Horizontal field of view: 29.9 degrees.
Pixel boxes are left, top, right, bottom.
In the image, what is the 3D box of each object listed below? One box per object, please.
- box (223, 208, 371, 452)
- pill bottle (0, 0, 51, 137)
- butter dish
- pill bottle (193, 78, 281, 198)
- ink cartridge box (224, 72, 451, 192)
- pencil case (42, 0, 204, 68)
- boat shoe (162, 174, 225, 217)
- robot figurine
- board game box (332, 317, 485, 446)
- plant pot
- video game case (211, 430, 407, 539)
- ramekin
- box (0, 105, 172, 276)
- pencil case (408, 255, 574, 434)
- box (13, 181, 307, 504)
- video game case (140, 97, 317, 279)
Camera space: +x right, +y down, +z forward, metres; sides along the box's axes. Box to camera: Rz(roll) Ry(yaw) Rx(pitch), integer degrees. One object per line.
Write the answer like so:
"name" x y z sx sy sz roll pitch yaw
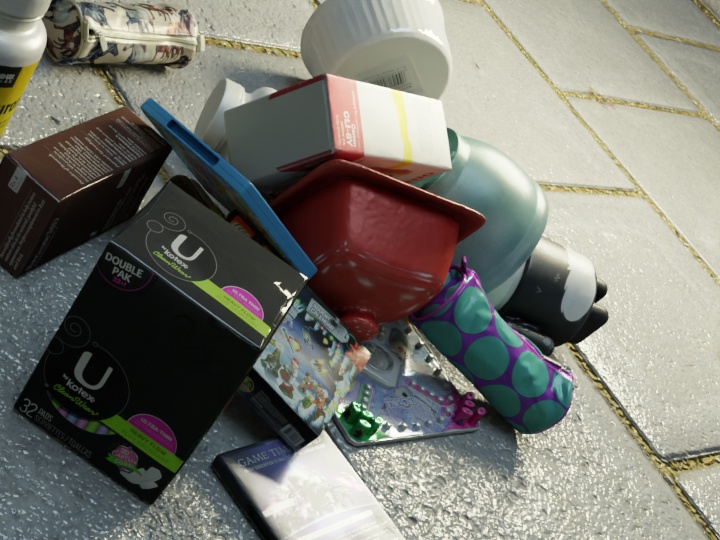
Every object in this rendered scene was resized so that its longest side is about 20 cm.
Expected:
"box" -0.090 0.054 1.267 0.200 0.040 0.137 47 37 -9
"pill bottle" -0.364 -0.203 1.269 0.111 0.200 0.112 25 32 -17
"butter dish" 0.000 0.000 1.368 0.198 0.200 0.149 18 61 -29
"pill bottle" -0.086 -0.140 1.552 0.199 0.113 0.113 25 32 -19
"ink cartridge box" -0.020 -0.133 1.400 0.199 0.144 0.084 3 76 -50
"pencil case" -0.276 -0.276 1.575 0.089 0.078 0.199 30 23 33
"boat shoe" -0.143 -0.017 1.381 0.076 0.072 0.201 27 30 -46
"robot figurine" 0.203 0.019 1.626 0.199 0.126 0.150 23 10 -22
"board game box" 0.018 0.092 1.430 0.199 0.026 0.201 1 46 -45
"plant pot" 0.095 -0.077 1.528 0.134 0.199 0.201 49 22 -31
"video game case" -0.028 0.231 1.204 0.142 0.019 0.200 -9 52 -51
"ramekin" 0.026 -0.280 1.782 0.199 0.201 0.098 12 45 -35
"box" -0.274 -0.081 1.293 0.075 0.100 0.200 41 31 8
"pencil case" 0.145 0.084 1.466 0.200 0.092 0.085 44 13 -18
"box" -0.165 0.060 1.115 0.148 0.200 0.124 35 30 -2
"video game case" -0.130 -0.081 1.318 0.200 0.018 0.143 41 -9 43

----

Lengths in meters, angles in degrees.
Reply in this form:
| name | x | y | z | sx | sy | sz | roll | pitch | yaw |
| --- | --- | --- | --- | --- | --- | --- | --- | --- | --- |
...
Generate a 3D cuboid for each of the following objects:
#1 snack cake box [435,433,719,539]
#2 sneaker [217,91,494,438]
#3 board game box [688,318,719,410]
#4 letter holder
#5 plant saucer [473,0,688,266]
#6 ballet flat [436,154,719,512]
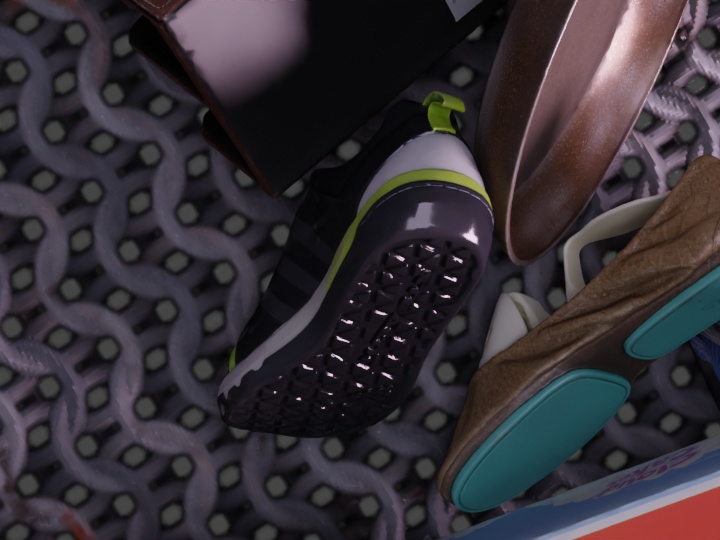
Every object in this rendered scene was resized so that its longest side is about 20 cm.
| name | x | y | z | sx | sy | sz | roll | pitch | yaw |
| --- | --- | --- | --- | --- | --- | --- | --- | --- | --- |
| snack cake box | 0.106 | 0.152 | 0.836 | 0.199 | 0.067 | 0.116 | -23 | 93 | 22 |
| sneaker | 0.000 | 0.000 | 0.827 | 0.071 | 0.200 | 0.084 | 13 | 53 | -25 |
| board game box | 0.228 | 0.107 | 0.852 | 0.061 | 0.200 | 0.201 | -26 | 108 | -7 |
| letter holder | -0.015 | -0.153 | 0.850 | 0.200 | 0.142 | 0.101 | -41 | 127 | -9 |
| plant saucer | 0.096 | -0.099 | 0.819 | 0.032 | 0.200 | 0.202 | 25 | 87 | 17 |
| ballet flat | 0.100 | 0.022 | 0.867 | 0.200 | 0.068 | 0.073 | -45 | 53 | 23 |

----

What the task requires:
Keep both end lines and retype everything in the records above from the line containing "Horizontal field of view: 29.9 degrees." through the line containing "- box (0, 105, 172, 276)", exactly, with nothing else.

Exercise solution:
Horizontal field of view: 29.9 degrees.
Pixel boxes are left, top, right, bottom.
In the image, what is the 3D box of each object listed below? One box per object, please.
- box (223, 208, 371, 452)
- pill bottle (0, 0, 51, 137)
- butter dish
- pill bottle (193, 78, 281, 198)
- ink cartridge box (224, 72, 451, 192)
- pencil case (42, 0, 204, 68)
- boat shoe (162, 174, 225, 217)
- robot figurine
- board game box (332, 317, 485, 446)
- plant pot
- video game case (211, 430, 407, 539)
- ramekin
- box (0, 105, 172, 276)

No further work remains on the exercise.